Еще недавно таких было вдвое больше. Лосев был.
Сюжет – это преимущество искусства перед жизнью. Это изобретение, которому нет и никогда не будет равных. По существу, все изобретения ума человеческого – это средство к обману жизни, но равного сюжету нет и вряд ли может быть. Во-первых, сюжет обладает той последовательностью событий, которой жизнь никогда не обладает, хотя бы потому, что она сама себе сюжет, во-вторых, сюжет отбрасывает все, что мешает ему осуществиться, а жизнь и мечтать об этом не может.
Сюжетное мастерство – сказочное мастерство: и потому, что оно умеет отобрать у жизни все то, что ему нужно, и потому, что умеет лишить себя всего, что ему не нужно, и потому, что умеет выдать себя за действительную жизнь, даже и после этих немыслимых трансплантаций и ампутаций.
Кроме того, мастер сюжета умеет и может считаться как с неким наличествующим фактом – с фактом своего незнания мира. Он даже и не знает, что он – не знает. И в этом смысле он – совершенное животное, жизнь этого тоже не умеет и никогда этому не научится.
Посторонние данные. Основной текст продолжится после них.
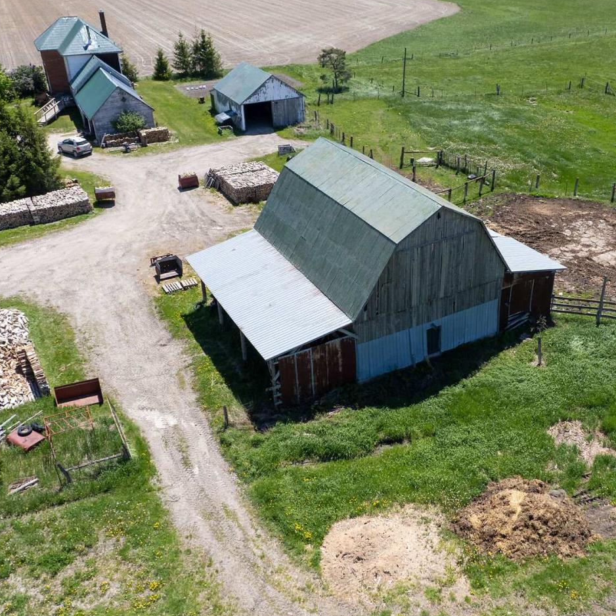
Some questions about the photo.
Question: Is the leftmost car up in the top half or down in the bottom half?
top
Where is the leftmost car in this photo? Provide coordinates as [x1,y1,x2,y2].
[59,134,91,155]
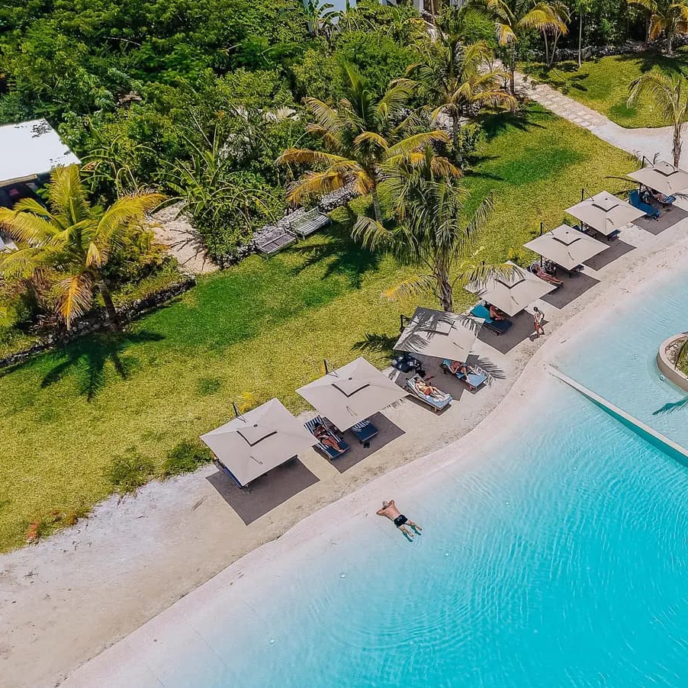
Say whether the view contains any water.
Yes
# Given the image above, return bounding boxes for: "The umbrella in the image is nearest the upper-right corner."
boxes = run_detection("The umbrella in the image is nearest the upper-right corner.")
[631,153,688,197]
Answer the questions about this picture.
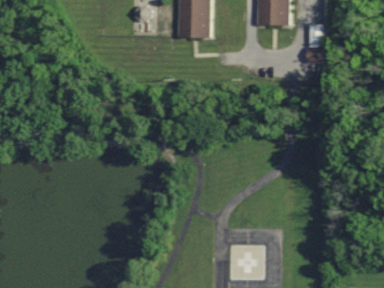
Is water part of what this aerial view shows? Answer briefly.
Yes
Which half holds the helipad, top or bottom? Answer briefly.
bottom
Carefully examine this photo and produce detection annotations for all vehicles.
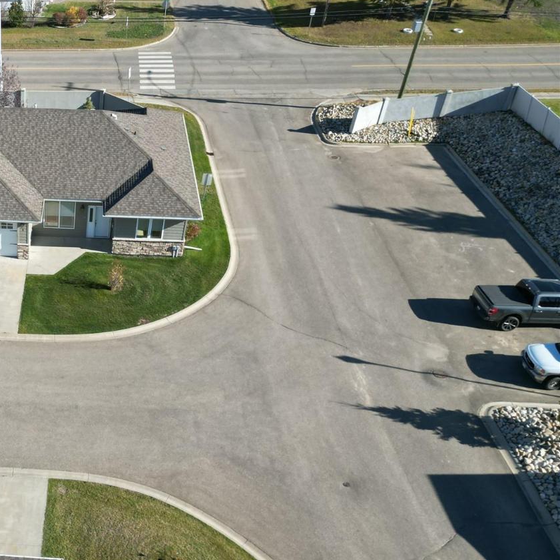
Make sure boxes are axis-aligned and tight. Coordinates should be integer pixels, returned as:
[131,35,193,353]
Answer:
[517,336,560,390]
[468,274,560,329]
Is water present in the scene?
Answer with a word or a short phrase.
No
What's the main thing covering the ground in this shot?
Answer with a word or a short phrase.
paved ground

Жизнь знает себя до конца, но бессловесно.
Почему-то человек не может жить без изображения жизни. Через свое воображение. Через сюжеты художественные и научные, общественные и интимные.
Человек страшно самолюбив, а сюжет, а изображение жизни, как ничто другое, удовлетворяют его самолюбие.
Да здравствуют сюжеты!
Комментируя “Франкфуртские чтения” Генриха Бёлля в книге “Самосознание европейской культуры ХХ века”, Ирина Роднянская пишет, что Бёлль не считал иронию тем алиби, которым автор может пользоваться в отношении своего произведения. Но ведь любое литературное произведение уже есть авторское алиби: высказывая ту или иную мысль, создавая тот или иной образ, сюжетную или бессюжетную ситуацию, автор обязательно осуществляет свое собственное алиби. Еще не было таких авторов, которые, и принимая принципиально-чужую точку зрения, опровергали бы самих себя. Даже раскаяние, даже самая жесткая самокритика все равно являются для автора только в виду алиби его самого.
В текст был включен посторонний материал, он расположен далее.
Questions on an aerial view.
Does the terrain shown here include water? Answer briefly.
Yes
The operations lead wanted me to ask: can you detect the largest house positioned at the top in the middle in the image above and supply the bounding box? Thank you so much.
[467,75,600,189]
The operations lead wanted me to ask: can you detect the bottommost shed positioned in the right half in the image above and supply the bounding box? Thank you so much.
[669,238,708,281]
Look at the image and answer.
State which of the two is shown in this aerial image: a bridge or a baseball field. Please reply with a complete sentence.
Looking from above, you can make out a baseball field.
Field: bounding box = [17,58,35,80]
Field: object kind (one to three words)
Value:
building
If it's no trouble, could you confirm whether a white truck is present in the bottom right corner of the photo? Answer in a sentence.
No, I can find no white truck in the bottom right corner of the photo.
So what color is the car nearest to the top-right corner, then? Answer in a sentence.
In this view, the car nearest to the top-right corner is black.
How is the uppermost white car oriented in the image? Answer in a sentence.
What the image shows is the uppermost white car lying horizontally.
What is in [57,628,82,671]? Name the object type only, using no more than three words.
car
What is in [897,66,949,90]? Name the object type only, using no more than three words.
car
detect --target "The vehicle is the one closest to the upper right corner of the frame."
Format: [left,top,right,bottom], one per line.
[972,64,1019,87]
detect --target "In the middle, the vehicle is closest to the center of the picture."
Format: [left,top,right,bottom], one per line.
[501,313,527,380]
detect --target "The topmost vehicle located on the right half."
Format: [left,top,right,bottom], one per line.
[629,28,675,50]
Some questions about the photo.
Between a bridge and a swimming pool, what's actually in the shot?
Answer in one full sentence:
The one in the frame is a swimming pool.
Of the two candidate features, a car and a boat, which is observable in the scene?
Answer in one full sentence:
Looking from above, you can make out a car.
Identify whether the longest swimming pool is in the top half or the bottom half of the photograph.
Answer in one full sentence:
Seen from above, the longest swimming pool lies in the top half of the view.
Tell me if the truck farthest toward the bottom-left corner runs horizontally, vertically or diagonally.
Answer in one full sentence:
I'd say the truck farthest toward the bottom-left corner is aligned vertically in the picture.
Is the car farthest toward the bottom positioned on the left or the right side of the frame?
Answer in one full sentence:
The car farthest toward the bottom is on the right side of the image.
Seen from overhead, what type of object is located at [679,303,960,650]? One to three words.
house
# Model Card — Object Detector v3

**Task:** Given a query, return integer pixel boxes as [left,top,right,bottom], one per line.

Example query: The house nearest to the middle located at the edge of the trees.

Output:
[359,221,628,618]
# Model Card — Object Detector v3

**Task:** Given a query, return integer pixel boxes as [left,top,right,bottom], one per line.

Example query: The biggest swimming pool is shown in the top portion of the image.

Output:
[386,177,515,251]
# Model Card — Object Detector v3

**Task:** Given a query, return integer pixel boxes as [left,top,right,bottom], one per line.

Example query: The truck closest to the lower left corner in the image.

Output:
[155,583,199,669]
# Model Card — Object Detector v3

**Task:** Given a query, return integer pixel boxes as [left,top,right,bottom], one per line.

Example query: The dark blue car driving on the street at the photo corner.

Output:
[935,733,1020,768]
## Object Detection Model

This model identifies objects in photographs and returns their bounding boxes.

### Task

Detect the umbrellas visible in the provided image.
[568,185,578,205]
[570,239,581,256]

Художник может быть разным, но не противоположным самому себе. Даже если его творчество и дает повод усмотреть в нем такое противопоставление, все равно во все времена он субъективно самоутверждается. Или – переутверждается.
Дважды в разных писательских группах я бывал в Дортмунде у прозаика Рединга, друга и поклонника Бёлля (а раз так, то и русской, и советской литературы).
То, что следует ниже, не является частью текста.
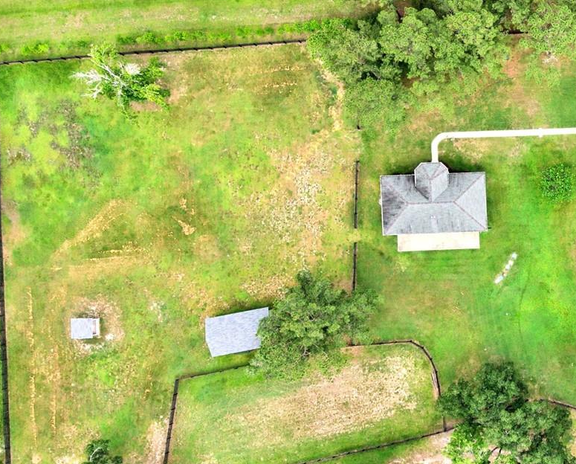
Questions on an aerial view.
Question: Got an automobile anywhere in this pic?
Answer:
No
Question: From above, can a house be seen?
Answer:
Yes
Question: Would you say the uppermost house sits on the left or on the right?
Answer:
right
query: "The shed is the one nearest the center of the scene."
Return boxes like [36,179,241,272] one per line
[206,307,279,357]
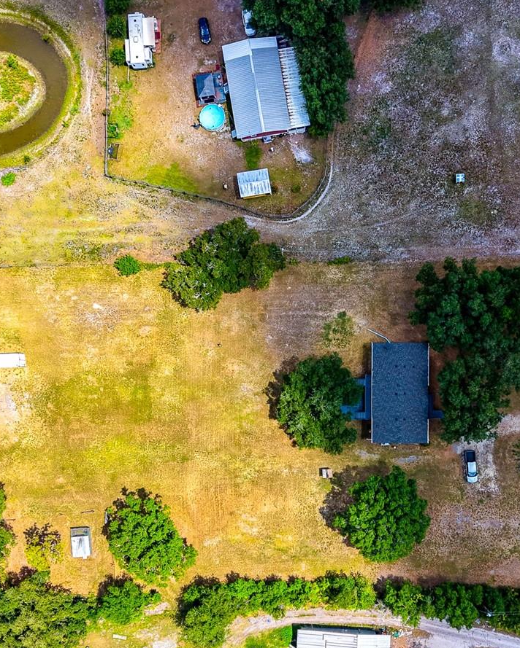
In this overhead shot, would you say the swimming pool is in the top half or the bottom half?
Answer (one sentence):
It is in the top half that the swimming pool appears.
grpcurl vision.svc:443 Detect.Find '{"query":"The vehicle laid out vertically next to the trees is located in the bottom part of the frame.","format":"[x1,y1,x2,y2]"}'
[463,450,476,483]
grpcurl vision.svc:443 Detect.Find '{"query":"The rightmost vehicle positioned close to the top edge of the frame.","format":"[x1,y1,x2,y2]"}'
[242,10,255,36]
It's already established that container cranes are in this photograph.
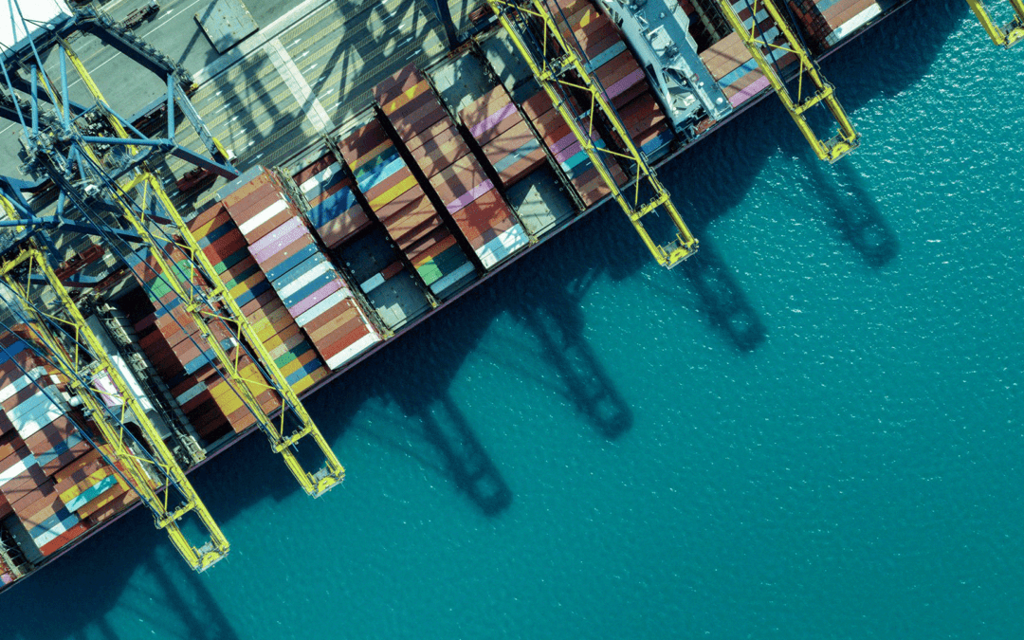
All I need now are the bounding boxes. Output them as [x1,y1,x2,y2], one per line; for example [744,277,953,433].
[0,90,235,575]
[959,0,1024,52]
[419,0,699,272]
[0,0,349,498]
[710,0,862,166]
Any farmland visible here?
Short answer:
No
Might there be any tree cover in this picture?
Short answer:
No
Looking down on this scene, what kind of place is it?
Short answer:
port
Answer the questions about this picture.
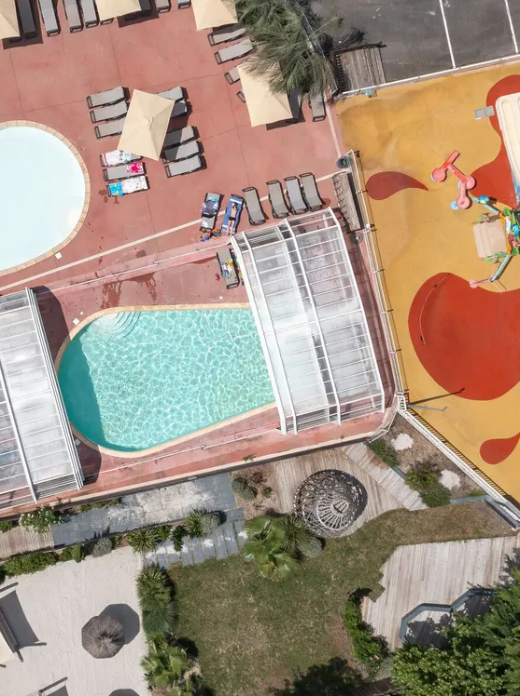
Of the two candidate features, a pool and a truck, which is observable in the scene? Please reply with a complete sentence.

Приезжал Рединг в Советский Союз многократно. Один год – в Дубулты, в Дом творчества, с двумя своими чудными мальчиками, с женой, очень милой женщиной (а также со своими полотенцами, простынями и рулонами туалетной бумаги). В Дубултах мы общались еще и еще.
Но не об этом речь… Рединг обязательно хотел познакомить нас с Бёллем, мы садились в машину и ехали из Дортмунда в Кёльн (60-е годы, конец).
Приехали в первый раз, Рединг позвонил по автомату Бёллю, тот извинился: что-то заставляет его отложить нашу встречу часа на два. Звонили через два часа, еще через два – результат тот же, и мы уезжаем в Дортмунд.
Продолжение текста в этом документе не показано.